To what extent was Martin Luther King the significant factor in the Civil Rights Movement between 1955 and 1968?

Topics: Montgomery Bus Boycott, Southern Christian Leadership Conference, Martin Luther King, Jr. Pages: 4 (1323 words) Published: October 9, 2013
To what extent was Martin Luther King the significant factor in the Civil Rights Movement between 1955 and 1968?

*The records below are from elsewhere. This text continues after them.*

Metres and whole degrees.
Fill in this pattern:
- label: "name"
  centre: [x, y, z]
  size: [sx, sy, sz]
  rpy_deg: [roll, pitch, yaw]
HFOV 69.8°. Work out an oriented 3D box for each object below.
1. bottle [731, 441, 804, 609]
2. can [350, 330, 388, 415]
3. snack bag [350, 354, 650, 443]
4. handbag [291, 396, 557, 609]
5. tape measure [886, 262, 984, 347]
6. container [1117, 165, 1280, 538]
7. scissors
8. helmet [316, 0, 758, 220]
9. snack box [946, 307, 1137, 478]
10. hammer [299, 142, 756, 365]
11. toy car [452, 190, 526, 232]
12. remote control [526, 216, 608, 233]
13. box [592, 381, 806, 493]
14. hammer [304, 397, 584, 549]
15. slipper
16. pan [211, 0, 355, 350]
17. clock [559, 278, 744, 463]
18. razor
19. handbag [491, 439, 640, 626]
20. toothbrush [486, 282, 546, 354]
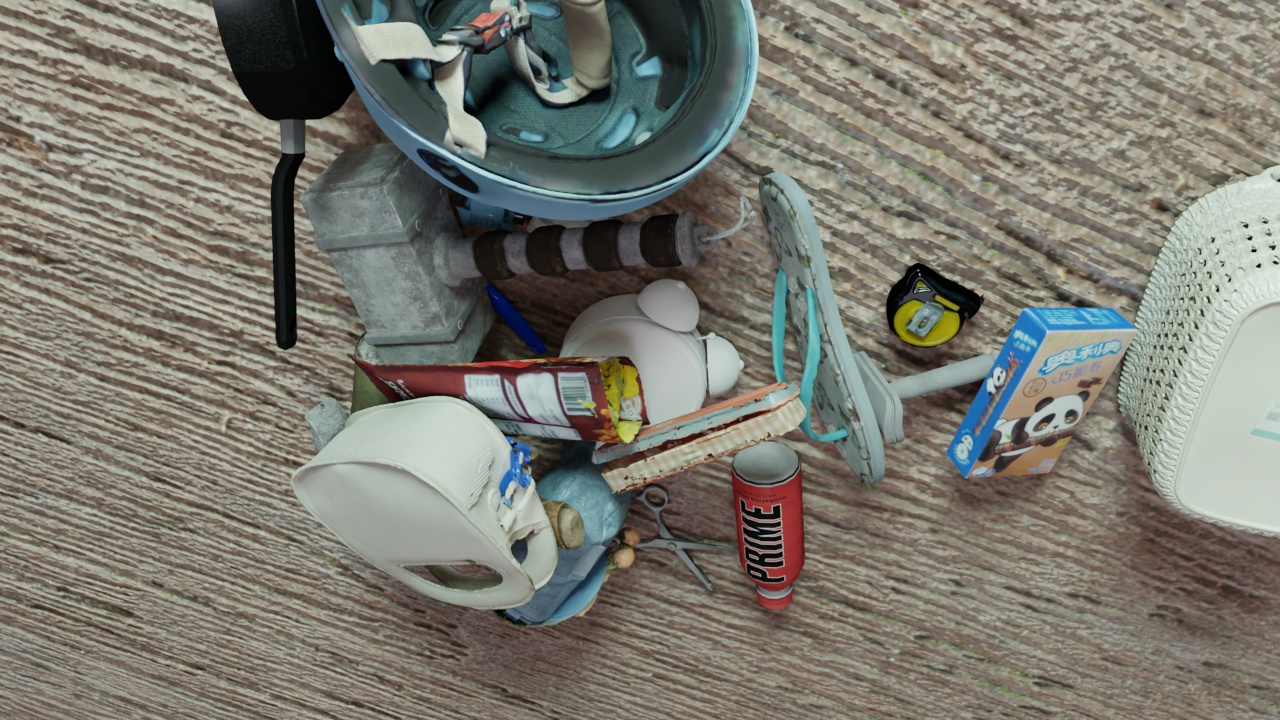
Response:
- label: "bottle"
  centre: [0.122, 0.162, 0.859]
  size: [0.062, 0.062, 0.177]
  rpy_deg: [-1, 124, 12]
- label: "can"
  centre: [-0.208, 0.021, 0.811]
  size: [0.090, 0.089, 0.075]
  rpy_deg: [17, 126, 0]
- label: "snack bag"
  centre: [-0.108, 0.035, 0.720]
  size: [0.208, 0.066, 0.139]
  rpy_deg: [-6, 149, 20]
- label: "handbag"
  centre: [-0.160, 0.123, 0.749]
  size: [0.201, 0.092, 0.199]
  rpy_deg: [-8, 125, 35]
- label: "tape measure"
  centre: [0.224, -0.039, 0.717]
  size: [0.061, 0.034, 0.062]
  rpy_deg: [25, 127, -5]
- label: "container"
  centre: [0.447, 0.005, 0.635]
  size: [0.185, 0.142, 0.247]
  rpy_deg: [11, 127, 20]
- label: "scissors"
  centre: [0.016, 0.183, 0.926]
  size: [0.175, 0.014, 0.142]
  rpy_deg: [-10, 119, 19]
- label: "helmet"
  centre: [-0.058, -0.194, 0.568]
  size: [0.265, 0.225, 0.167]
  rpy_deg: [39, 169, 5]
- label: "snack box"
  centre: [0.313, 0.028, 0.725]
  size: [0.087, 0.034, 0.152]
  rpy_deg: [-1, 129, -20]
- label: "hammer"
  centre: [-0.075, -0.081, 0.685]
  size: [0.327, 0.079, 0.177]
  rpy_deg: [-2, 129, 19]
- label: "toy car"
  centre: [-0.111, -0.149, 0.710]
  size: [0.060, 0.027, 0.108]
  rpy_deg: [19, 133, 3]
- label: "remote control"
  centre: [-0.037, -0.139, 0.714]
  size: [0.050, 0.011, 0.136]
  rpy_deg: [32, 124, -11]
- label: "box"
  centre: [0.045, 0.064, 0.717]
  size: [0.187, 0.056, 0.059]
  rpy_deg: [-23, 150, 34]
- label: "hammer"
  centre: [-0.183, 0.115, 0.832]
  size: [0.319, 0.048, 0.122]
  rpy_deg: [10, 124, 33]
- label: "slipper"
  centre: [0.125, -0.015, 0.718]
  size: [0.054, 0.098, 0.269]
  rpy_deg: [-23, 111, -6]
- label: "pan"
  centre: [-0.212, -0.177, 0.580]
  size: [0.044, 0.204, 0.356]
  rpy_deg: [4, 107, -3]
- label: "clock"
  centre: [-0.004, 0.005, 0.780]
  size: [0.161, 0.072, 0.125]
  rpy_deg: [-30, 114, 20]
- label: "razor"
  centre: [0.234, 0.017, 0.740]
  size: [0.116, 0.088, 0.047]
  rpy_deg: [-15, 122, -2]
- label: "handbag"
  centre: [-0.063, 0.168, 0.870]
  size: [0.118, 0.121, 0.192]
  rpy_deg: [31, 120, -9]
- label: "toothbrush"
  centre: [-0.141, -0.069, 0.779]
  size: [0.016, 0.018, 0.182]
  rpy_deg: [-22, 118, 38]
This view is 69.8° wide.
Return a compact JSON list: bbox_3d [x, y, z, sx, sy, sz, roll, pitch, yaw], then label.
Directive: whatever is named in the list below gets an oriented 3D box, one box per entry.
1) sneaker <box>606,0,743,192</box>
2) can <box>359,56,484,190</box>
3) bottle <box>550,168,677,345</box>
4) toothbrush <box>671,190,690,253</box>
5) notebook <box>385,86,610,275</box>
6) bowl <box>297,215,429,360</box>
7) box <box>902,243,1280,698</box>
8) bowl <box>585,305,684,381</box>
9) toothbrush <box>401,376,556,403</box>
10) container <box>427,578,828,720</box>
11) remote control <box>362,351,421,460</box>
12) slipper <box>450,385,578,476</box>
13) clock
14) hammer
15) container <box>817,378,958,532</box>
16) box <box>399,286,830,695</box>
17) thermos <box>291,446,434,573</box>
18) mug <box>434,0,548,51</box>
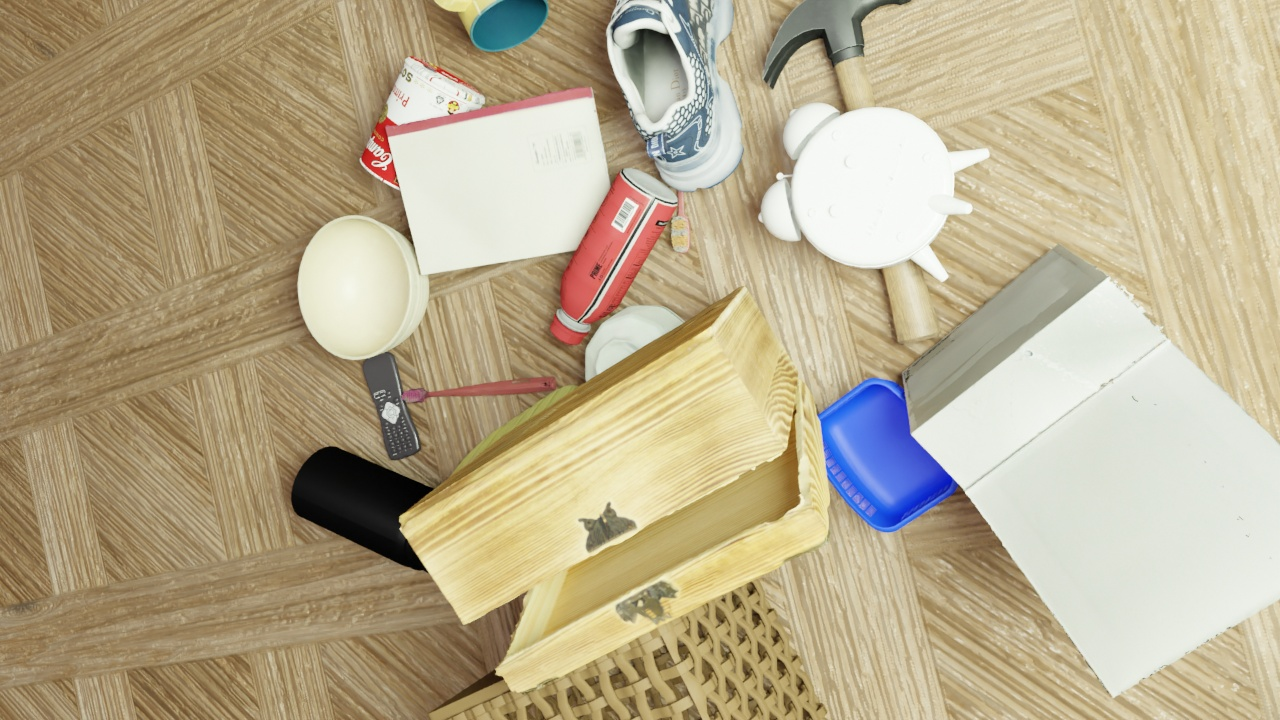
[{"bbox_3d":[0.016,-0.289,0.799,0.103,0.132,0.269,-11,83,24],"label":"sneaker"},{"bbox_3d":[-0.223,-0.238,0.941,0.086,0.086,0.116,37,108,18],"label":"can"},{"bbox_3d":[-0.033,-0.092,0.873,0.062,0.062,0.177,40,115,17],"label":"bottle"},{"bbox_3d":[0.035,-0.194,0.867,0.015,0.015,0.184,-2,91,22],"label":"toothbrush"},{"bbox_3d":[-0.133,-0.172,0.897,0.209,0.012,0.153,-8,106,9],"label":"notebook"},{"bbox_3d":[-0.284,-0.078,0.986,0.151,0.075,0.151,2,95,25],"label":"bowl"},{"bbox_3d":[0.289,0.076,0.555,0.119,0.477,0.167,37,112,-22],"label":"box"},{"bbox_3d":[-0.005,0.005,0.873,0.118,0.061,0.117,2,95,24],"label":"bowl"},{"bbox_3d":[-0.175,0.032,0.975,0.190,0.016,0.016,-5,90,25],"label":"toothbrush"},{"bbox_3d":[0.005,0.330,0.803,0.252,0.219,0.214,-31,81,23],"label":"container"},{"bbox_3d":[-0.281,0.049,1.028,0.047,0.009,0.124,-20,85,24],"label":"remote control"},{"bbox_3d":[-0.115,0.100,0.927,0.191,0.091,0.081,-37,103,21],"label":"slipper"},{"bbox_3d":[0.182,-0.138,0.736,0.161,0.072,0.125,19,99,16],"label":"clock"},{"bbox_3d":[0.196,-0.164,0.786,0.132,0.040,0.305,-14,88,21],"label":"hammer"},{"bbox_3d":[0.209,0.077,0.782,0.096,0.058,0.114,-40,77,21],"label":"container"},{"bbox_3d":[-0.004,0.086,0.736,0.280,0.244,0.168,-33,97,17],"label":"box"},{"bbox_3d":[-0.271,0.165,0.990,0.199,0.086,0.086,18,101,22],"label":"thermos"},{"bbox_3d":[-0.160,-0.370,0.889,0.083,0.113,0.107,-35,77,45],"label":"mug"}]
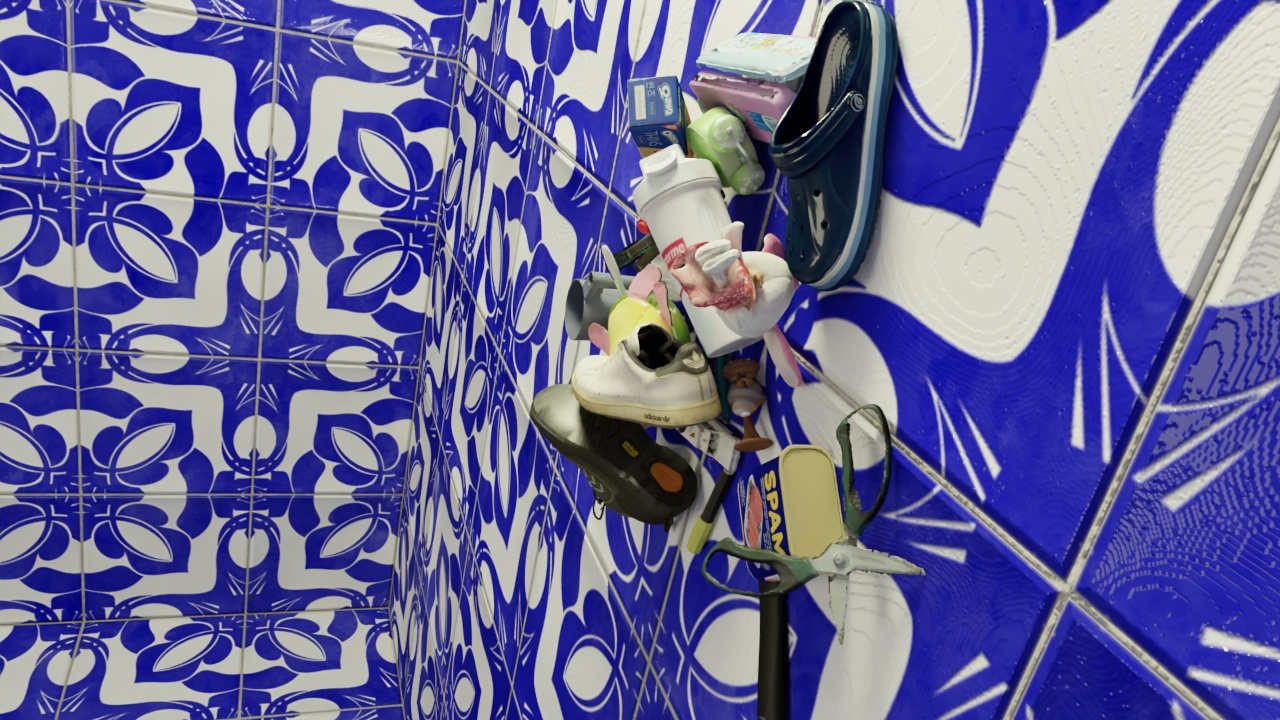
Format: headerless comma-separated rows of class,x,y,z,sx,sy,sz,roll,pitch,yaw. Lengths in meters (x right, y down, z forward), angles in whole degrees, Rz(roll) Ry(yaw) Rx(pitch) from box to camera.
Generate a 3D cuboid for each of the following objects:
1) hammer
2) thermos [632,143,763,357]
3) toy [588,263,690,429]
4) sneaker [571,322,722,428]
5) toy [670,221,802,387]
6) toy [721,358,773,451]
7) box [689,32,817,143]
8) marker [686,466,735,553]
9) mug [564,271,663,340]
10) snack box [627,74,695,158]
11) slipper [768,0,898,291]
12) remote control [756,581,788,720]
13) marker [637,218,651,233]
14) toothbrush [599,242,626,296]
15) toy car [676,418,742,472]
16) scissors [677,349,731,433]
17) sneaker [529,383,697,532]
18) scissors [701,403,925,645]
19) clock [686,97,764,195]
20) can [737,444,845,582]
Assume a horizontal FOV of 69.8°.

Within the Civil Rights era, Martin Luther King was seen as a major part of the Movements because of his campaign work. He is thought to have been the inspiration and the “hero” of the desegregation in America. Martin Luther King had an individual philosophy based on his religious beliefs as a devout Christian. He based his protests on the teachings of Jesus and examples of Ghandi’s behaviours. He also believed you should love your enemies and not retaliate. His main aim whilst protesting was to gain direct action yet to stay peaceful. Looking at the evidence from the campaigns Martin Luther King was involved in, it shows that he wasn’t as significant as he is said to be regularly. Going through his campaigns shows that he was the “face” if the Civil Rights Movement rather than the significant factor. The protest in which King first became noticed was the Montgomery Bus Boycotts in 1955 to 1956. This was led originally by E. D. Nixon who wanted Claudette Colvin. In the end they used a woman named Rosa Parks to initiate the boycott that would then last around a year long. Rosa Parks refused to give up her seat on the bus for a white passenger, which is what they had to do as a black citizen. Doing this was direct action, and this boycott later established the Montgomery Improvement Association (MIA). The MIA is where we first saw King, as this group worked through the churches and had a non-violent aim. The significance of this protest was that King came into the light and showed the black people he had leadership qualities that stood out above all other things. However at this moment in time it’s fair to say that King had no authority and the black people in the communities still held the power. This protest also brought about the court case of Browder V Gayle in 1956. This changed the laws of segregation on buses as a protester, Aurelia Browder,...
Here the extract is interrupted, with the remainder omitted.